**Stored data**
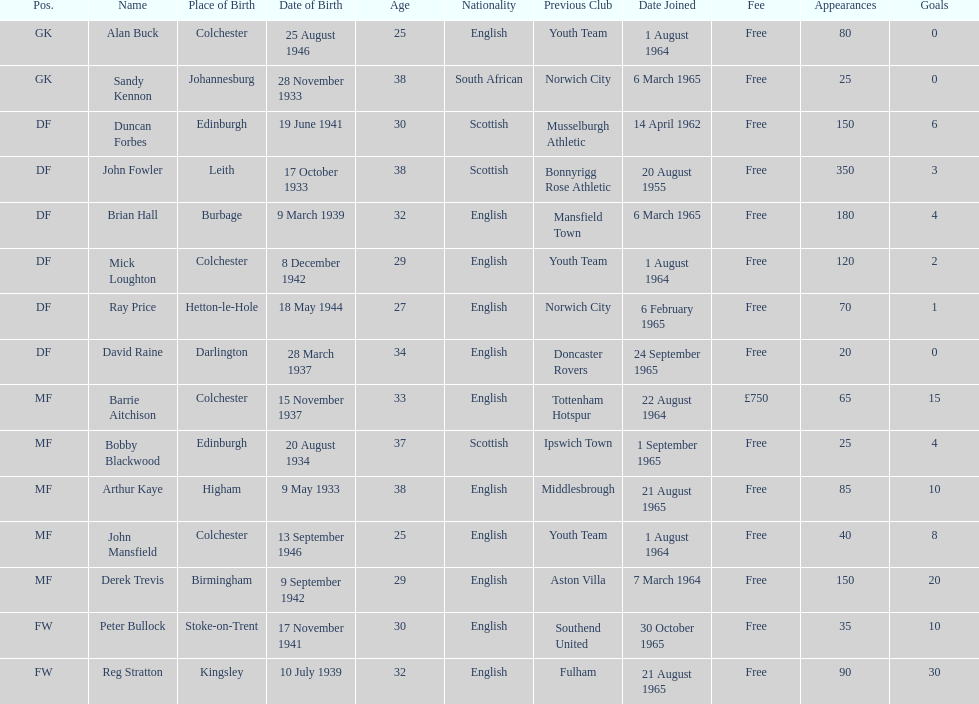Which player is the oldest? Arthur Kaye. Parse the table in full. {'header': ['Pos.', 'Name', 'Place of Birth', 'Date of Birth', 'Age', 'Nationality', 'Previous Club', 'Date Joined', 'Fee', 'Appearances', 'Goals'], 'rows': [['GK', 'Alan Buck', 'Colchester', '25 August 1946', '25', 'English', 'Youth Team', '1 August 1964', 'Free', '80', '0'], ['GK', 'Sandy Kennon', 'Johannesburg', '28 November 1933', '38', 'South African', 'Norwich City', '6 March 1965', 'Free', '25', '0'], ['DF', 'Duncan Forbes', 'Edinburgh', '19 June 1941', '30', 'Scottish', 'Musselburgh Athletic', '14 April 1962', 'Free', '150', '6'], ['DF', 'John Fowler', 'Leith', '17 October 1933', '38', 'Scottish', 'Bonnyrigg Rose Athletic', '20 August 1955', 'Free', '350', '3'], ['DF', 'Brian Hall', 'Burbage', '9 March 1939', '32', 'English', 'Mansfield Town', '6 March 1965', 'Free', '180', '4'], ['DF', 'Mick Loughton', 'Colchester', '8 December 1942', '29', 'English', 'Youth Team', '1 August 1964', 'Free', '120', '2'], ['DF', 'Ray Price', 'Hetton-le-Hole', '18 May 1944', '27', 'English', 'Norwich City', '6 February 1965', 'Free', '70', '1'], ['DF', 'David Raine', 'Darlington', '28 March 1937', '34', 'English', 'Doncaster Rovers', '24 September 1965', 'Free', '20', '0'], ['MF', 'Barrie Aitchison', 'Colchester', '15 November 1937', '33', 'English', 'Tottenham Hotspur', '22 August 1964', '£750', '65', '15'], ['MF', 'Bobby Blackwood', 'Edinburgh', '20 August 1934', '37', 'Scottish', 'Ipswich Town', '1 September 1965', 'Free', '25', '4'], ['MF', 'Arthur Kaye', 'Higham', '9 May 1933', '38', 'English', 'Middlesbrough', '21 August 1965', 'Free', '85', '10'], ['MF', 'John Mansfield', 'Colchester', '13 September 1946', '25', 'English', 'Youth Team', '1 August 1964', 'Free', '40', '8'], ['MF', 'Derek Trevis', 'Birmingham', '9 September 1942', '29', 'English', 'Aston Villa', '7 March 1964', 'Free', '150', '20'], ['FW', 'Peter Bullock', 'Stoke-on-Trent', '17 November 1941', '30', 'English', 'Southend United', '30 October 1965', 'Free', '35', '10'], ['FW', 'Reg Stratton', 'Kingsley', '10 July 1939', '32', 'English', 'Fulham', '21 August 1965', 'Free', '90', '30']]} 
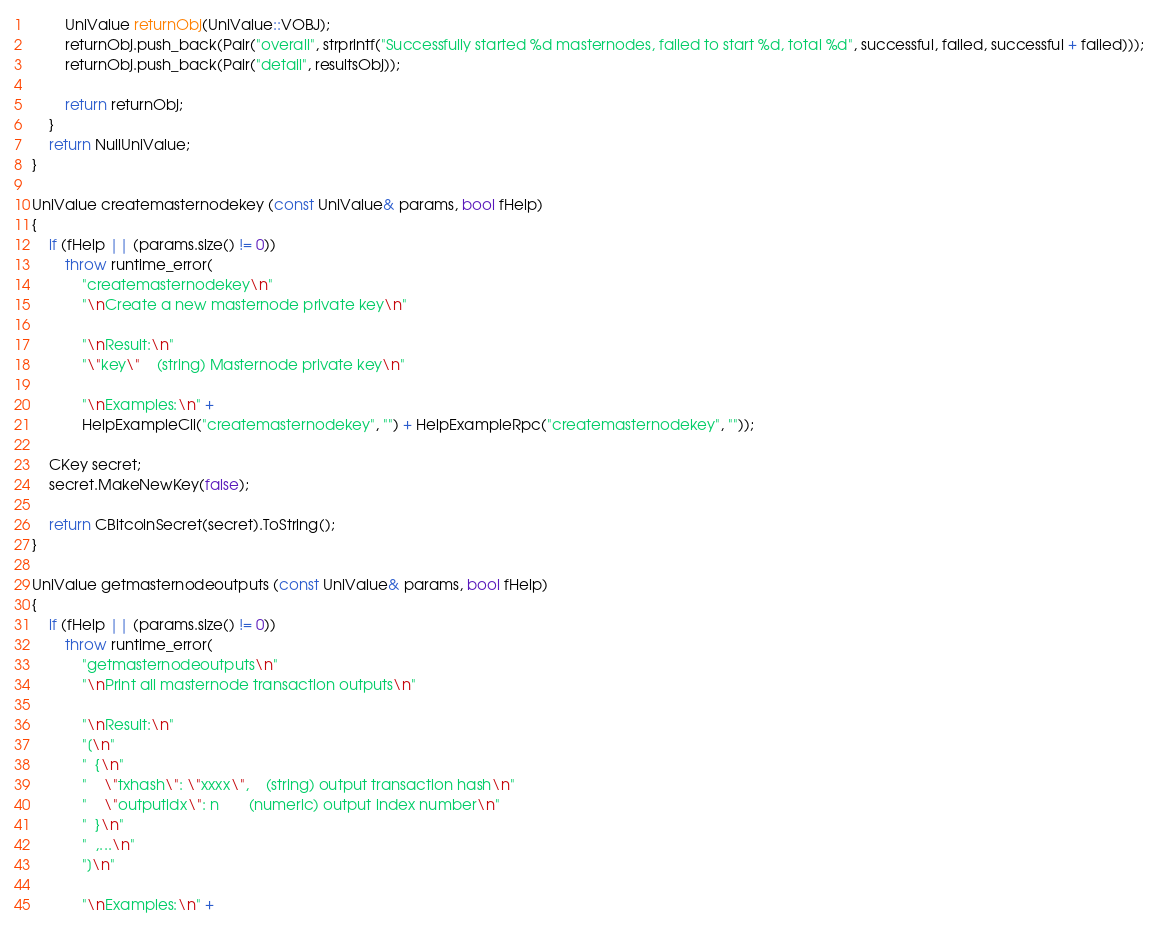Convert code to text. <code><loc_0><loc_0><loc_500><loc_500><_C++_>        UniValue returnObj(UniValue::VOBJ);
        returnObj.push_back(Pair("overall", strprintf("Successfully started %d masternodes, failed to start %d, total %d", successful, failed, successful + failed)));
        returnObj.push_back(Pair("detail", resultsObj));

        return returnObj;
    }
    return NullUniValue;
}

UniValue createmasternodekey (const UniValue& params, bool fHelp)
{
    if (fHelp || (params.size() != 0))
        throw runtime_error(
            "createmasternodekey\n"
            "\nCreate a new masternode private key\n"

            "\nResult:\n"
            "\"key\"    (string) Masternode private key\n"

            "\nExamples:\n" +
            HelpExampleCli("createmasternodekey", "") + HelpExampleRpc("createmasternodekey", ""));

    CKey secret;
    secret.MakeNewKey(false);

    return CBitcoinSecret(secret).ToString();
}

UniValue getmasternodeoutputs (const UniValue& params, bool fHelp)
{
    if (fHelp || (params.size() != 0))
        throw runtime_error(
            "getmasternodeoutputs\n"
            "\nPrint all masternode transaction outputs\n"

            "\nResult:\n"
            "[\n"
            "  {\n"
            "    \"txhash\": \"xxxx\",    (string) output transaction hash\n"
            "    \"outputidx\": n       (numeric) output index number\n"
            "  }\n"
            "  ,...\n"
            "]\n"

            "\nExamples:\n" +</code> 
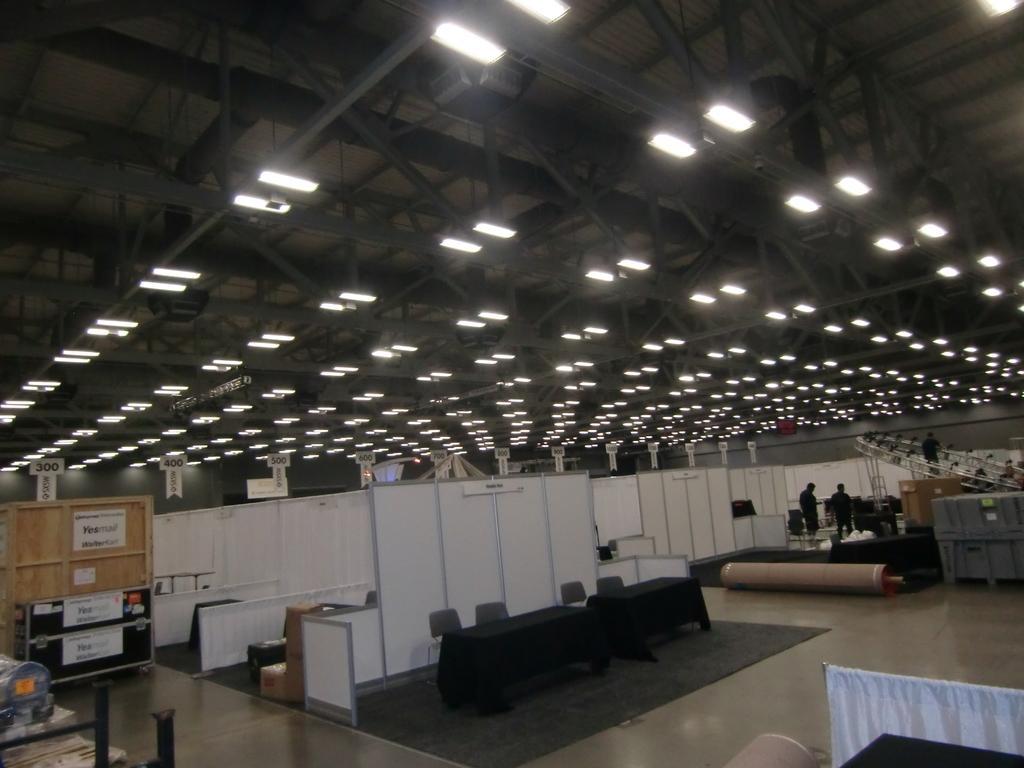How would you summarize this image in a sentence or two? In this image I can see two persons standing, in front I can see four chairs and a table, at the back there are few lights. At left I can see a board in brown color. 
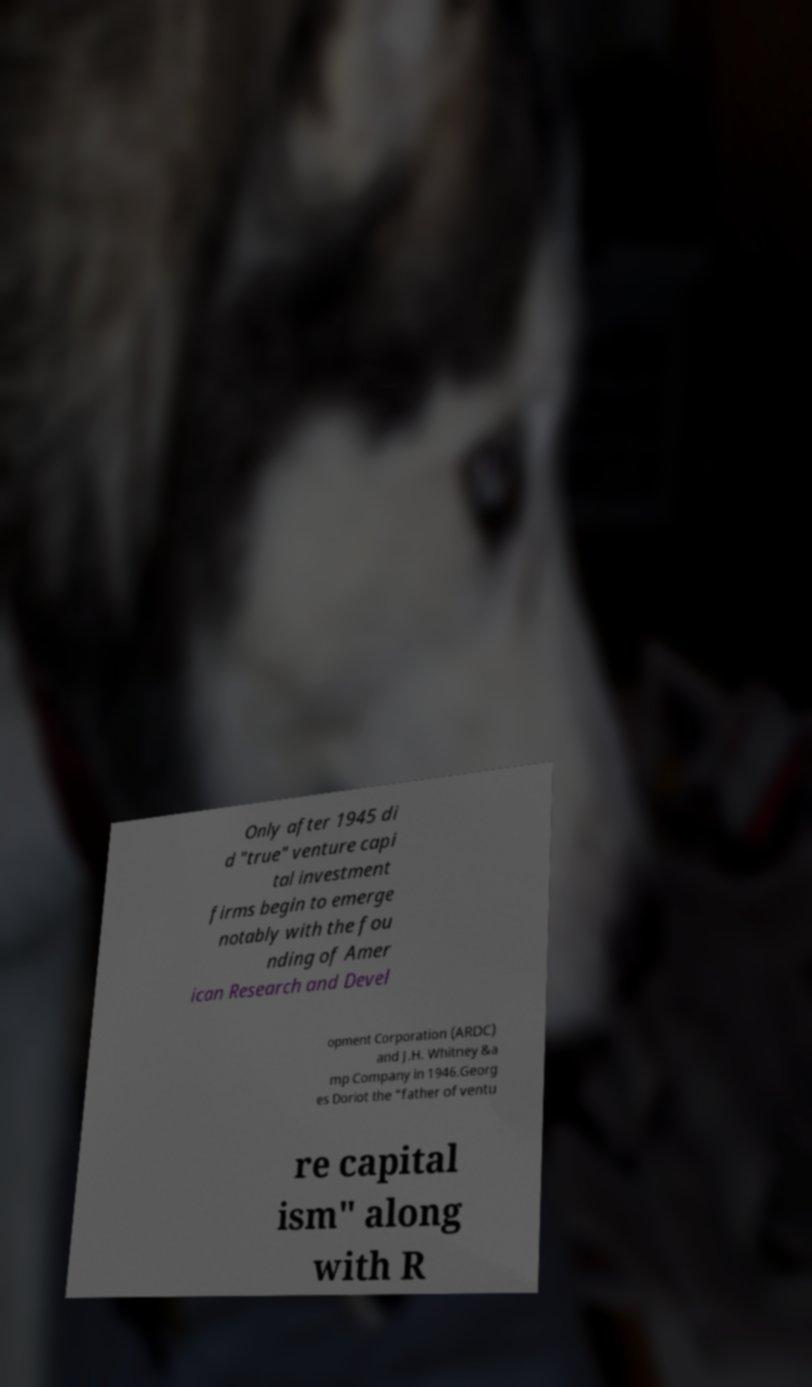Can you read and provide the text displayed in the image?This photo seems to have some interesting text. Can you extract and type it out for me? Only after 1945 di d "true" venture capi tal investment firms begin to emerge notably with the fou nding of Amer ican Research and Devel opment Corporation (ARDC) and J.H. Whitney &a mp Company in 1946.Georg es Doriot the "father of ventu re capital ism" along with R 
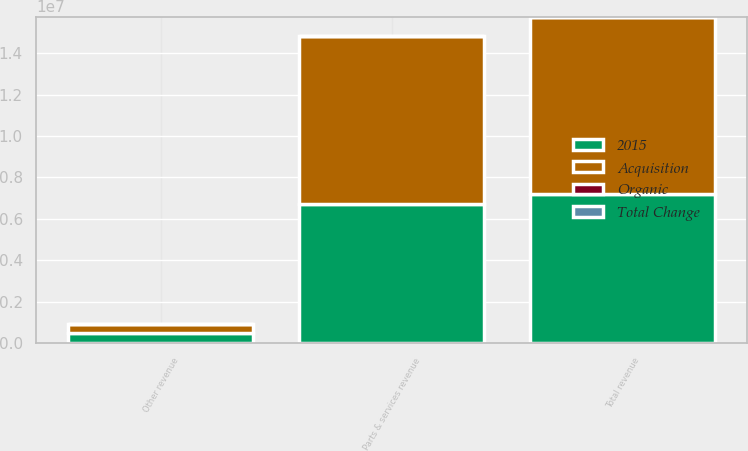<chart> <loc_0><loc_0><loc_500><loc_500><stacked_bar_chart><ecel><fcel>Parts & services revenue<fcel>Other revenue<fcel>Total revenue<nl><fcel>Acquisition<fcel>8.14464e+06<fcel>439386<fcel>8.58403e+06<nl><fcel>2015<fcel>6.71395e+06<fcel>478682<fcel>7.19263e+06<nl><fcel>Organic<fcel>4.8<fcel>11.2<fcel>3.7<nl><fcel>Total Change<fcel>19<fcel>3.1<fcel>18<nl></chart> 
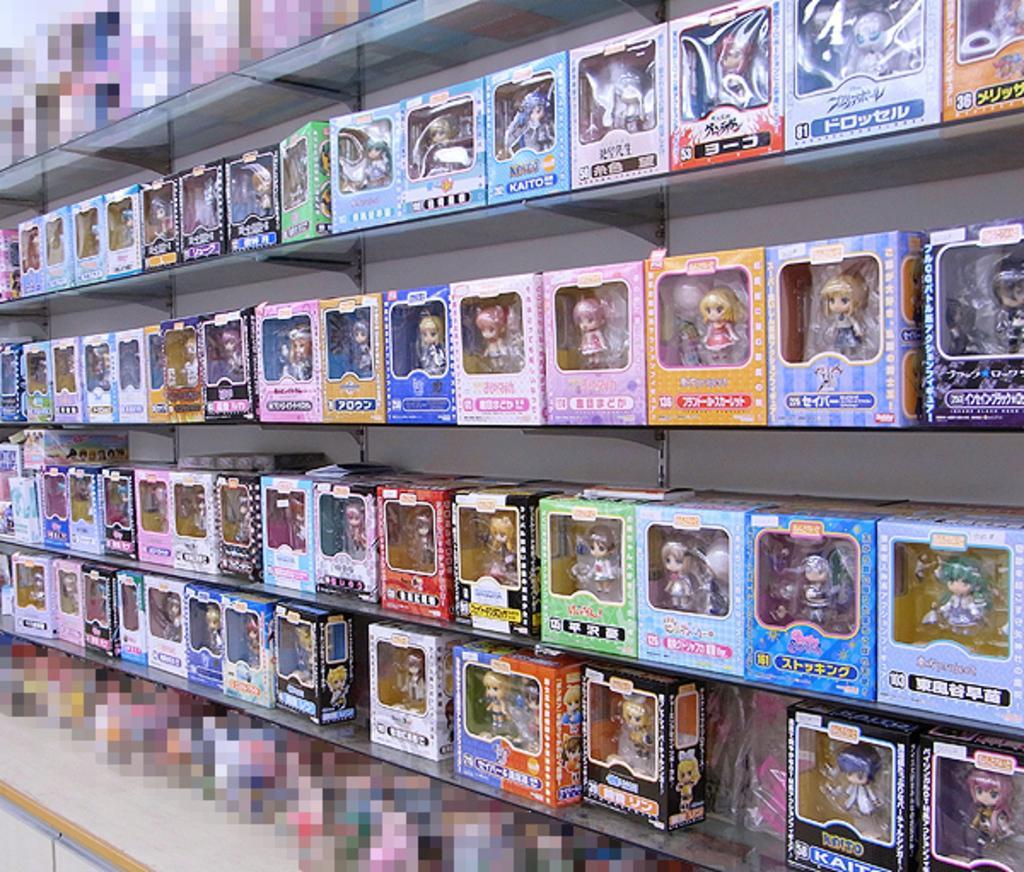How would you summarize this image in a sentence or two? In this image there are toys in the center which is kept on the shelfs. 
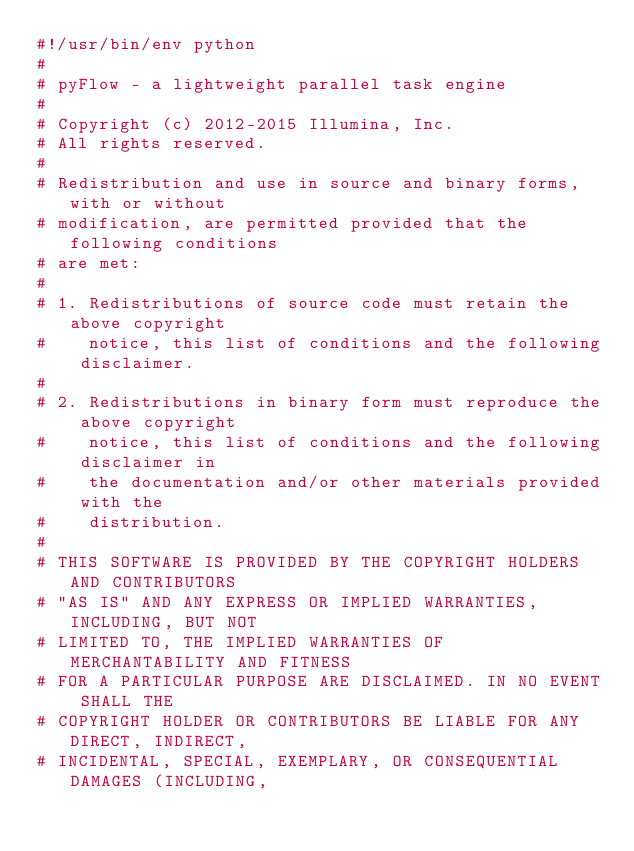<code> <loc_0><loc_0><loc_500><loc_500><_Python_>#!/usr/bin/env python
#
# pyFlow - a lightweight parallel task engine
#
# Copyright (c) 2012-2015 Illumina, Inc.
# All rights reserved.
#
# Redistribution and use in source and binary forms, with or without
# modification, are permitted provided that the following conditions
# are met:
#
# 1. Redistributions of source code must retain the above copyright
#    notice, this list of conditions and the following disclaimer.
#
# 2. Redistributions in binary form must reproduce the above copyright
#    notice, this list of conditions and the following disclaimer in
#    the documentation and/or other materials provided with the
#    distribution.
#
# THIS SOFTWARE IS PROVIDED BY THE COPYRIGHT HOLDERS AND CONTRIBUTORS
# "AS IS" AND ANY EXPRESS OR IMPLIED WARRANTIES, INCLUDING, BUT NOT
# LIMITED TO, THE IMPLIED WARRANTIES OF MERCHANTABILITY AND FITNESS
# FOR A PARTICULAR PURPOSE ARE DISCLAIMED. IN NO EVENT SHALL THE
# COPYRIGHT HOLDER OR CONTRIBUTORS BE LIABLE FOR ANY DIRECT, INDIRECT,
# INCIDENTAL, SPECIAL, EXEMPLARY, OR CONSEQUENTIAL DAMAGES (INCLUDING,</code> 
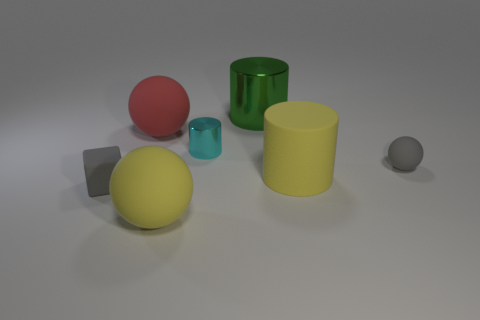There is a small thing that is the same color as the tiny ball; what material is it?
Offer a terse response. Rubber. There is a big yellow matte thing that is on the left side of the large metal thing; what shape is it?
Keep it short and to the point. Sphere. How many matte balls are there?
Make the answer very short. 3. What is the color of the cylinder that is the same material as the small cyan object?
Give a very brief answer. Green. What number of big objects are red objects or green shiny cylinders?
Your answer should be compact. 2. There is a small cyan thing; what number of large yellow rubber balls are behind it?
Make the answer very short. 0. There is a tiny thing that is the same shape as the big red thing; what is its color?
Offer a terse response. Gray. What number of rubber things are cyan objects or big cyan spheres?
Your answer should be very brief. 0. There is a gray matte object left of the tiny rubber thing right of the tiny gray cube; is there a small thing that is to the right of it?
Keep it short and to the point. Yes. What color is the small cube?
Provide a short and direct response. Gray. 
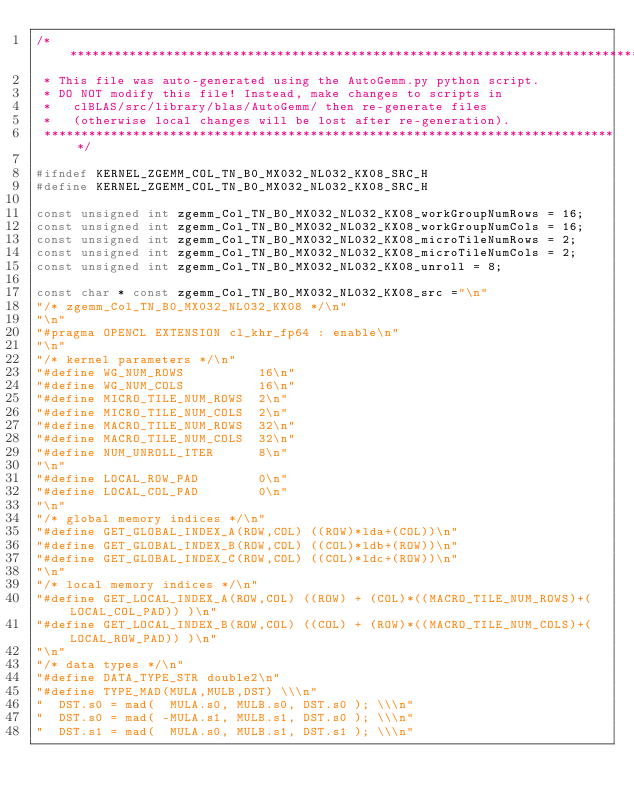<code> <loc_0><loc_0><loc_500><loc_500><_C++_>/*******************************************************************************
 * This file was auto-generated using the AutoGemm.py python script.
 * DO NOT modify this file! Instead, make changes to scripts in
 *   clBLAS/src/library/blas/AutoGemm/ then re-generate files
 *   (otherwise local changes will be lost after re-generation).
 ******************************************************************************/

**The task**
Using the entries above, give again exactly the lines from the line holding "Your answer should be compact." through the line holding "Offer a terse response. Gray.". Include both end lines and nothing else.

**Your solution**
Your answer should be compact. 2. There is a small cyan thing; what number of large yellow rubber balls are behind it?
Make the answer very short. 0. There is a tiny thing that is the same shape as the big red thing; what is its color?
Offer a terse response. Gray. What number of rubber things are cyan objects or big cyan spheres?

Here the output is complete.